『地球村』のスタンス

腸内細菌(2023.02.02)

★腸内細菌

  • 私たちの腸内には千種類以上の細菌が住んでいて、その数は1000兆と言われている。重さは合計で2キロもあり、其の働きはこれまで考えられていたことより遥かに重要、遥かに大きな可能性を持っていることがわかってきた。
  • 腸内細菌は常在菌と呼ばれているが、誰の腸内にも同じものが同じように存在、同じことをしているわけではない。人によって違い、様々な影響を与えている。
  • その一つは、昔からわかっていたことで、食べ物の分解であり、私たちが消化吸収できないものを私たちが消化吸収できるものに分解してくれる。もし腸内細菌がいなければ私たちは生きられない。例えばコアラの腸内細菌はユーカリの毒を分解して消化吸収できるものに変えている。パプア・ニューギニアのある部族はタロイモを分解し、筋肉の元にすることかできる。特定の地域で特定の物を食べることで、そこに最適化された腸内細菌叢が作られるのだ。その宿主は、その腸内細菌が分解できる食べものを食べ、それに適した生活をしていると考えられるようになってきた。
     私たちの食べ物の好みや、生活スタイルは腸内細菌にコントロールされていると言える。
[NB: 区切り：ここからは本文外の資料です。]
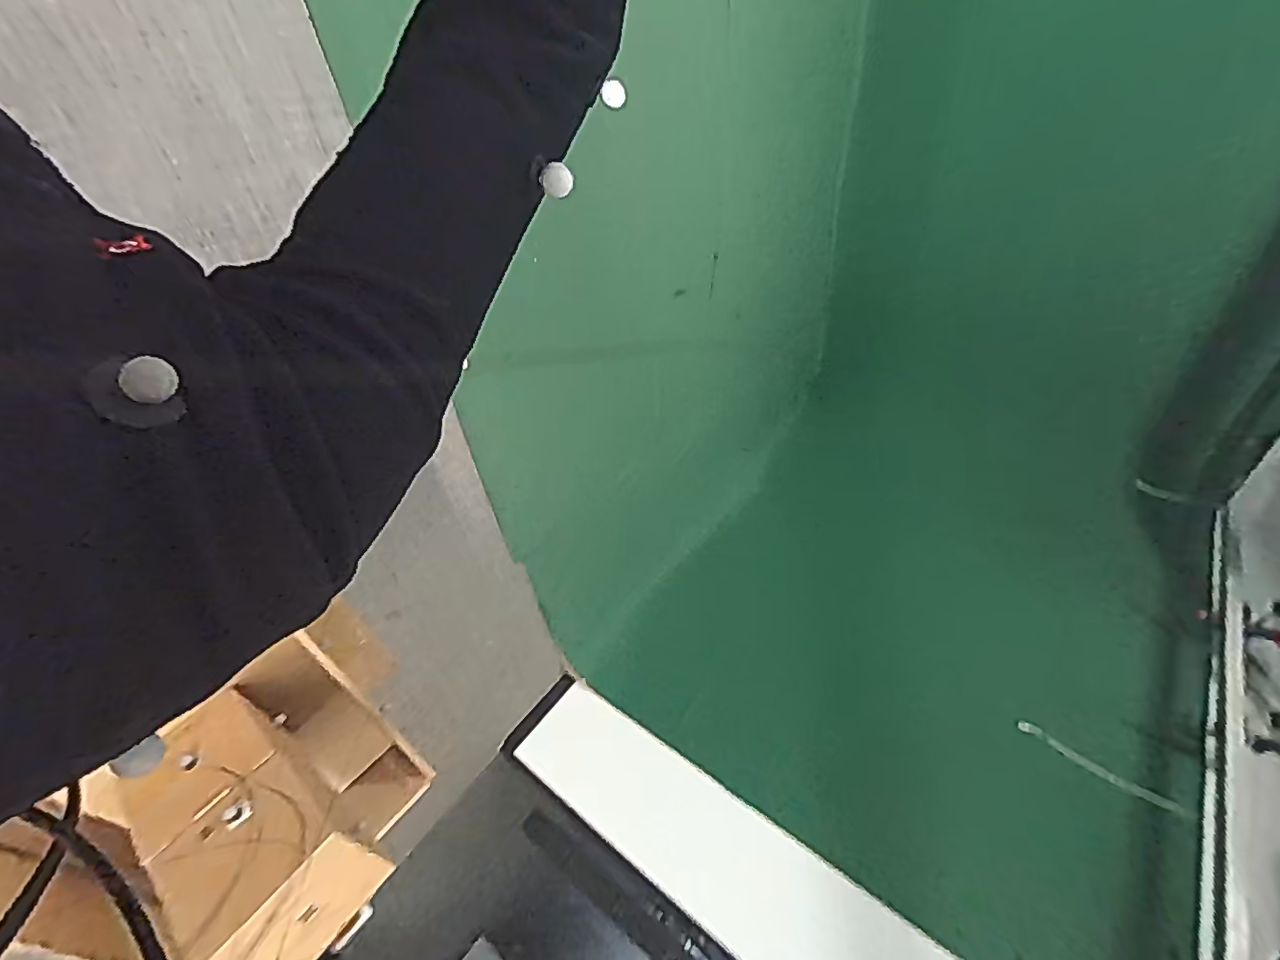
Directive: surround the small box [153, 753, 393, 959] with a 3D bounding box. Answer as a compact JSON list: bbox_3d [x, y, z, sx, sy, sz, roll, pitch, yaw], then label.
[{"bbox_3d":[-0.471,0.497,0.709,0.168,0.176,0.179,-45,142,-32],"label":"small box"}]
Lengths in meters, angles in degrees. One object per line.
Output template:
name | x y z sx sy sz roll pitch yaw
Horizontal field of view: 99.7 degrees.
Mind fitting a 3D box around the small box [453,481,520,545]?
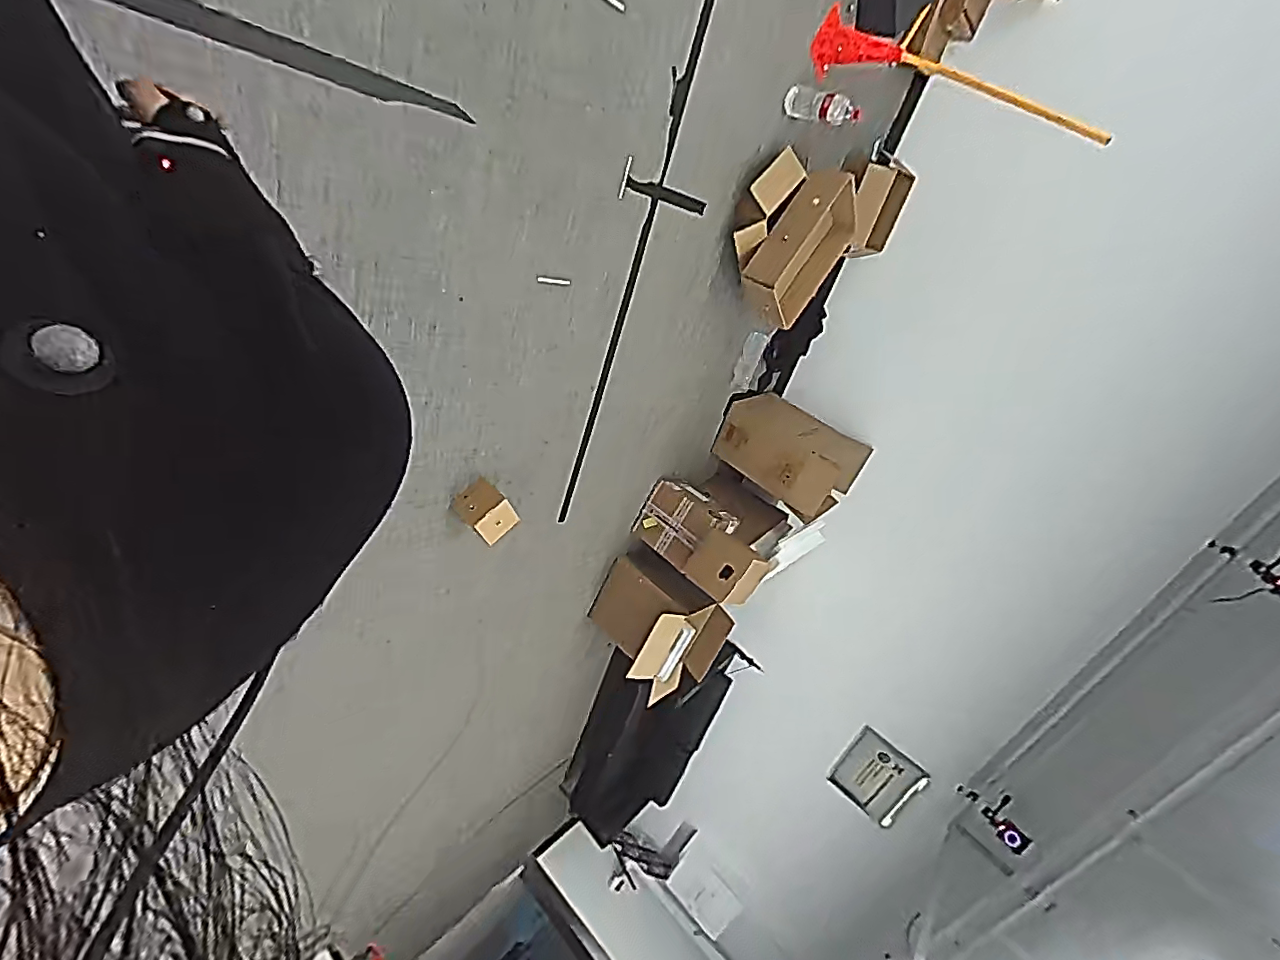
small box | -0.629 0.129 2.208 0.168 0.176 0.179 -44 151 -18
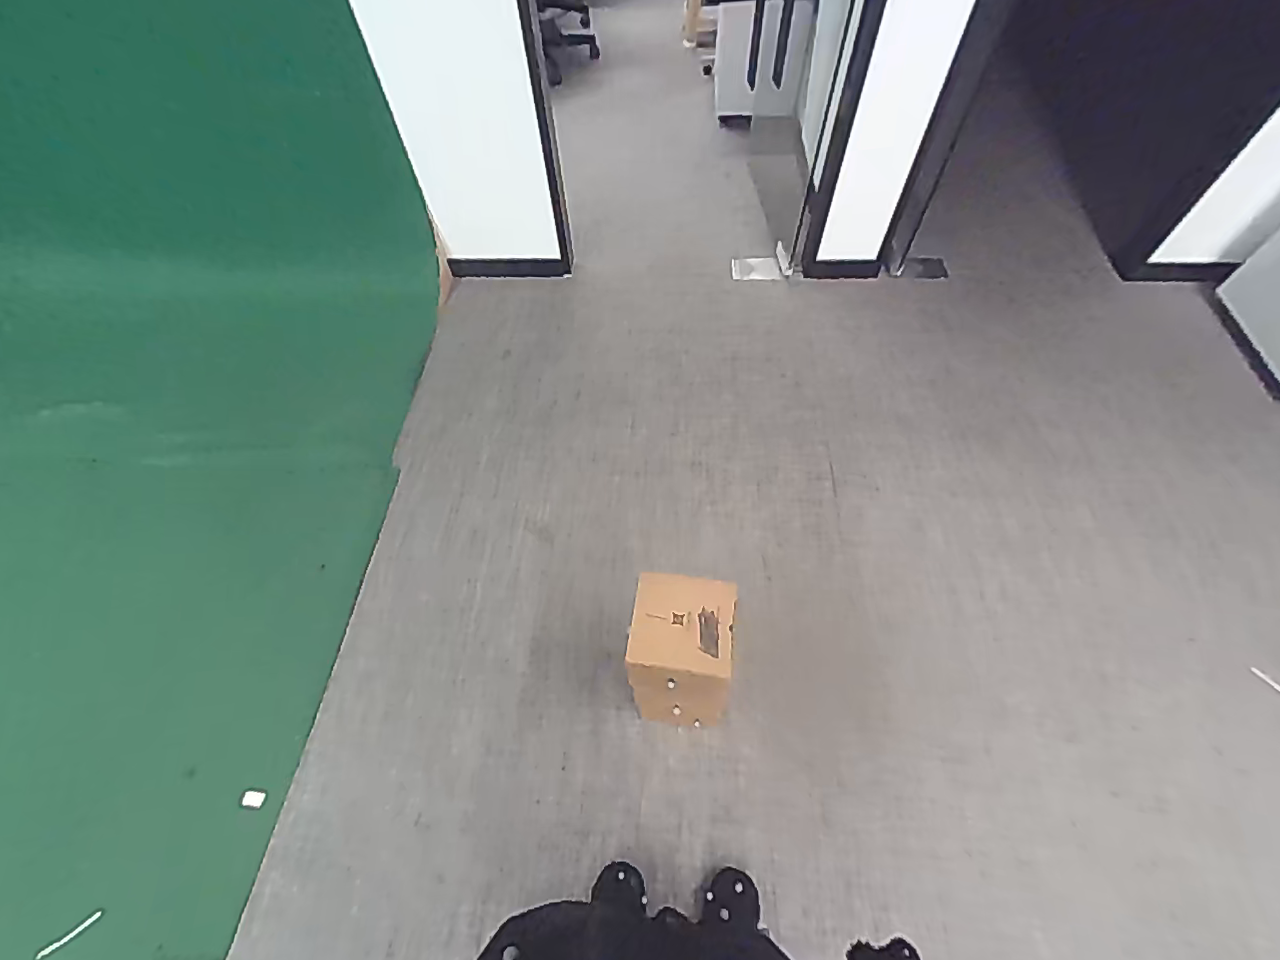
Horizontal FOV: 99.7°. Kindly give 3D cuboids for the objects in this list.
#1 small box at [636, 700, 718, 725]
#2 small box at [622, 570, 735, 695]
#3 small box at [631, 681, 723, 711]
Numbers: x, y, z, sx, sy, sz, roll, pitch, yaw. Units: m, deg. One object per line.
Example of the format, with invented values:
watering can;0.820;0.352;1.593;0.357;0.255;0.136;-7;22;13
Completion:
small box;0.089;0.467;1.265;0.179;0.176;0.168;4;57;6
small box;0.073;0.284;0.992;0.179;0.176;0.168;7;57;8
small box;0.081;0.375;1.129;0.179;0.176;0.168;6;57;5
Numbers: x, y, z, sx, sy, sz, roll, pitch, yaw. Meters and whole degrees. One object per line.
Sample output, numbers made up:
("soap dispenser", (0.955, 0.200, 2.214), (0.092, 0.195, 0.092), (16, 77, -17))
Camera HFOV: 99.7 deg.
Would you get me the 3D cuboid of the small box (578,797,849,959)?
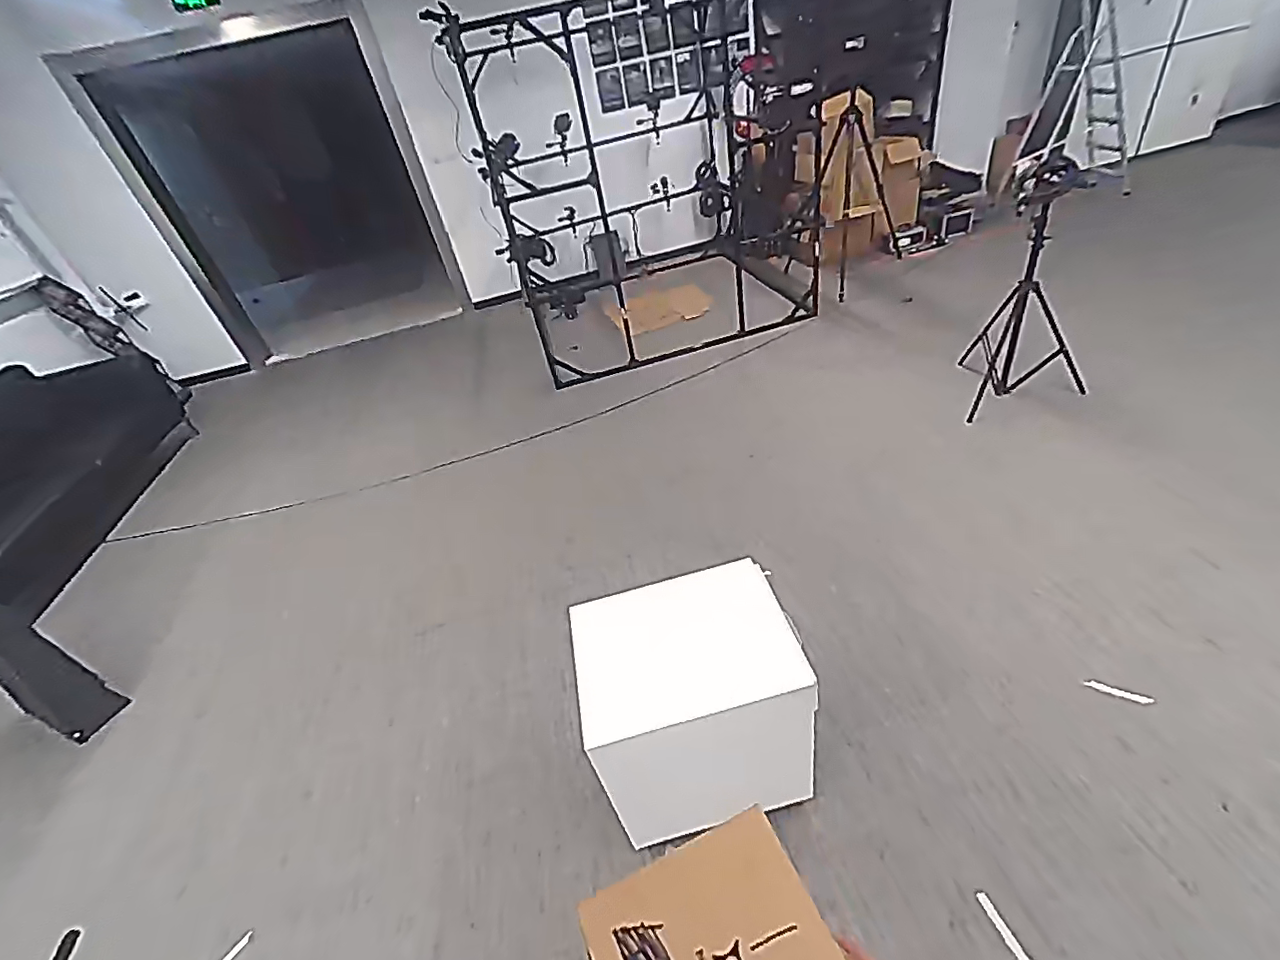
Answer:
("small box", (0.061, 0.416, 0.461), (0.179, 0.176, 0.168), (-17, 47, -18))

  •  この腸内細菌は、赤ちゃんはお産のとき、産道でお母さんから受けとるが、帝王切開ではそれができないので、最近は帝王切開の場合は母親の腸内細菌叢を別の形で新生児に移植している産院もある。その後、母乳や離乳食で次第に腸内細菌叢(そう)が出来上がっていく。

  • 腸内細菌は食べ物の分解だけではなく、より重要な働きをしていることがわかってきた。
  • 例えば、これまで『難病』とされてきた『潰瘍性大腸炎』を発症する人は、腸内細菌の多様性が失われていることがわかった。そこでいったん薬品によって腸内細菌を死滅させ、健康な人の腸内細菌叢の溶液を注入することで、7割の人に改善が確認された。
  • 他の難病やガンにもこの研究が生かされる可能性が出てきた。
  • 人柄や性格に関することも腸内細菌に大きな影響を受けていることもわかってきた。腸内細菌に修正を加えることで、性格を変えることができる。
  • その方法は、膨大なデータを統計的に処理し、どの腸内細菌が何に影響を与えているのかを分析し、腸内細菌を修正するために、正常な腸内細菌のエキスを移植する。
    それを文字通り『便移植療法』という。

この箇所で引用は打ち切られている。